### Problem details
Please write out exactly the lines of the data below from the line holding "Image resolution: width=924" through the line holding "the element starting", and leave out the rest.

### Data for the task
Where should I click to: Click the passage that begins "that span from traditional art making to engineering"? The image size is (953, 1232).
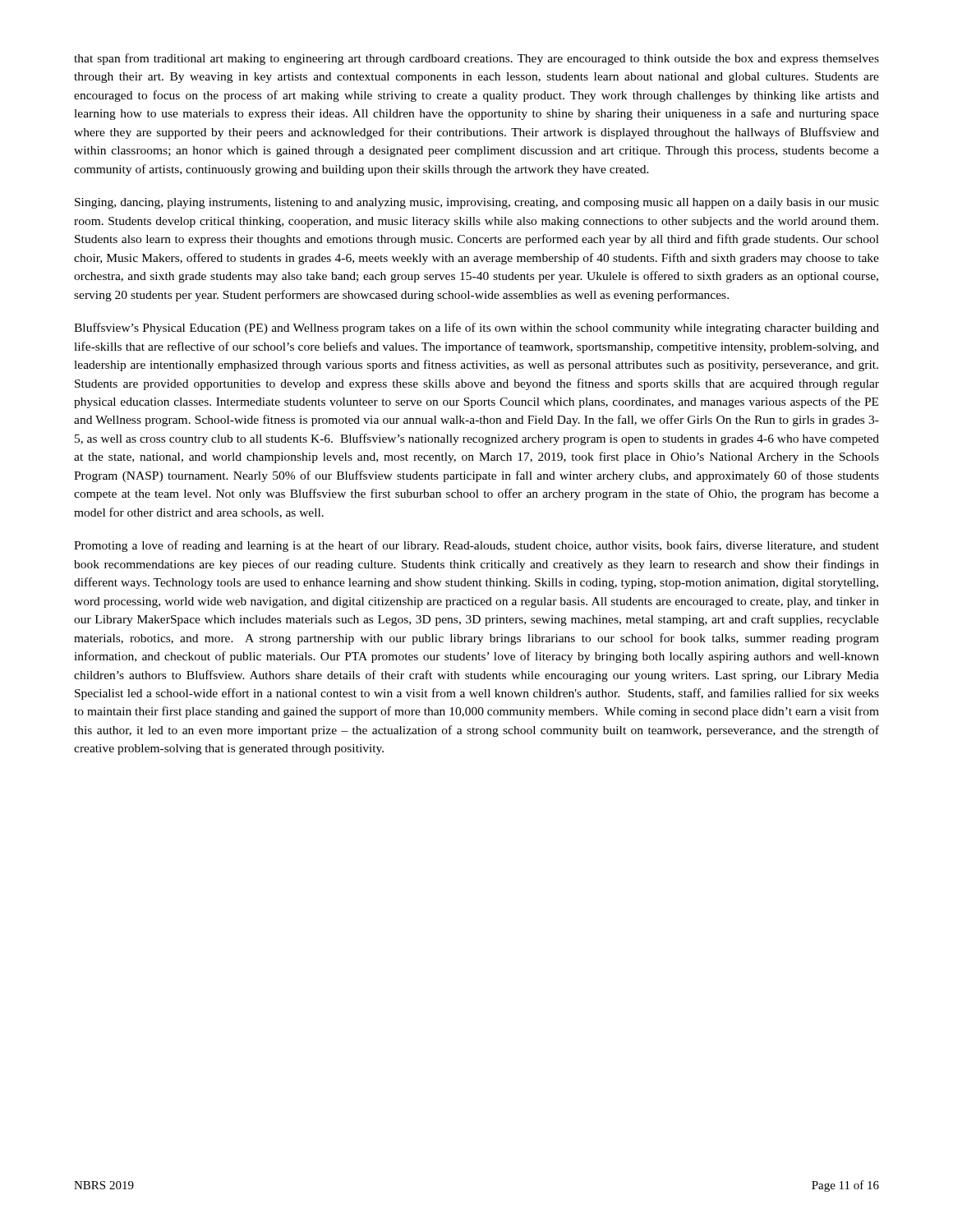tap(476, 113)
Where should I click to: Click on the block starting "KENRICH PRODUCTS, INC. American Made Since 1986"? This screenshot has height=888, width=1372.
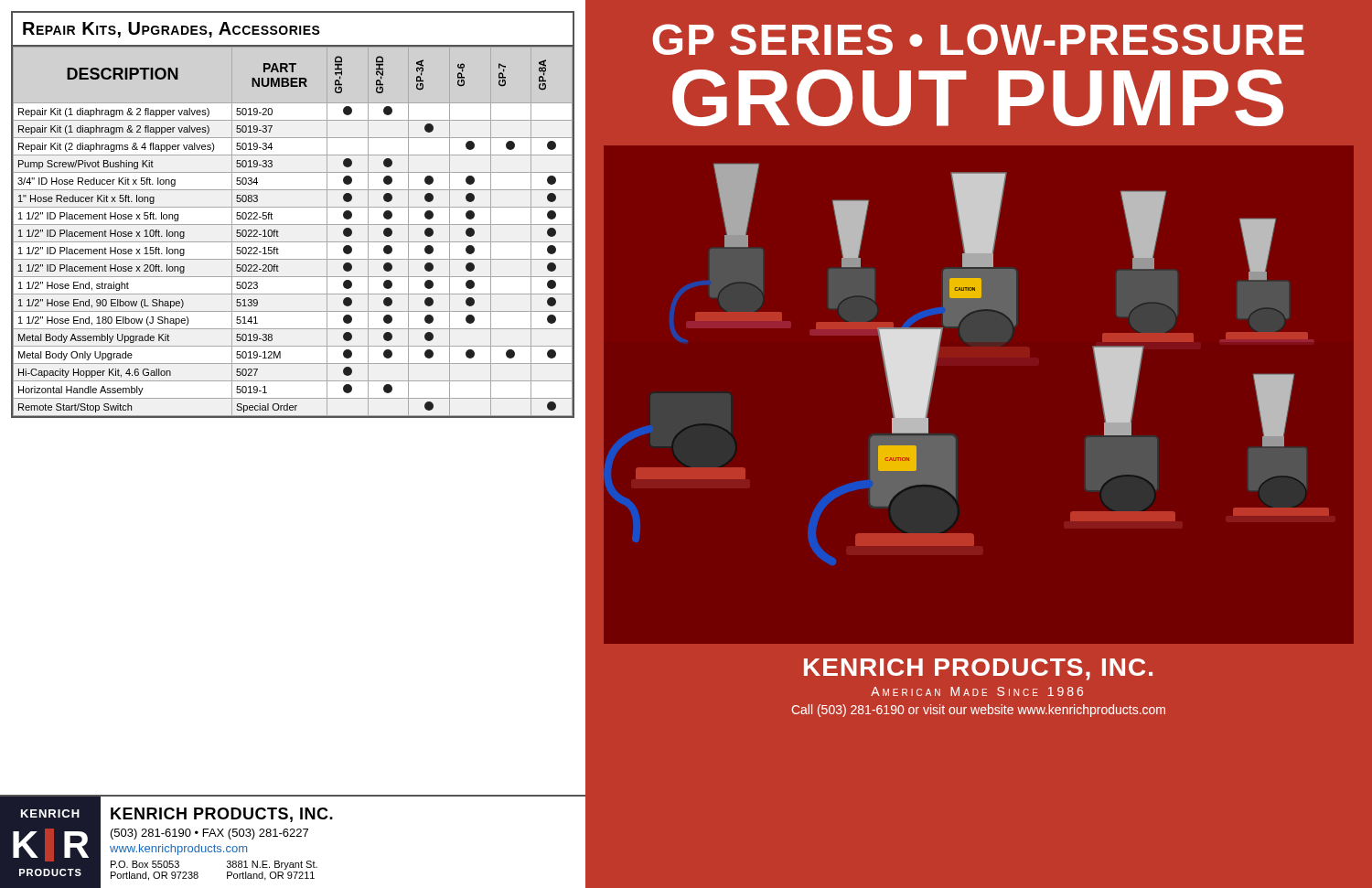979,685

--

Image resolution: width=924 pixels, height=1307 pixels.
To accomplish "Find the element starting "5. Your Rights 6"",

### Answer for this exercise
Image resolution: width=924 pixels, height=1307 pixels.
To accomplish "Find the element starting "5. Your Rights 6"",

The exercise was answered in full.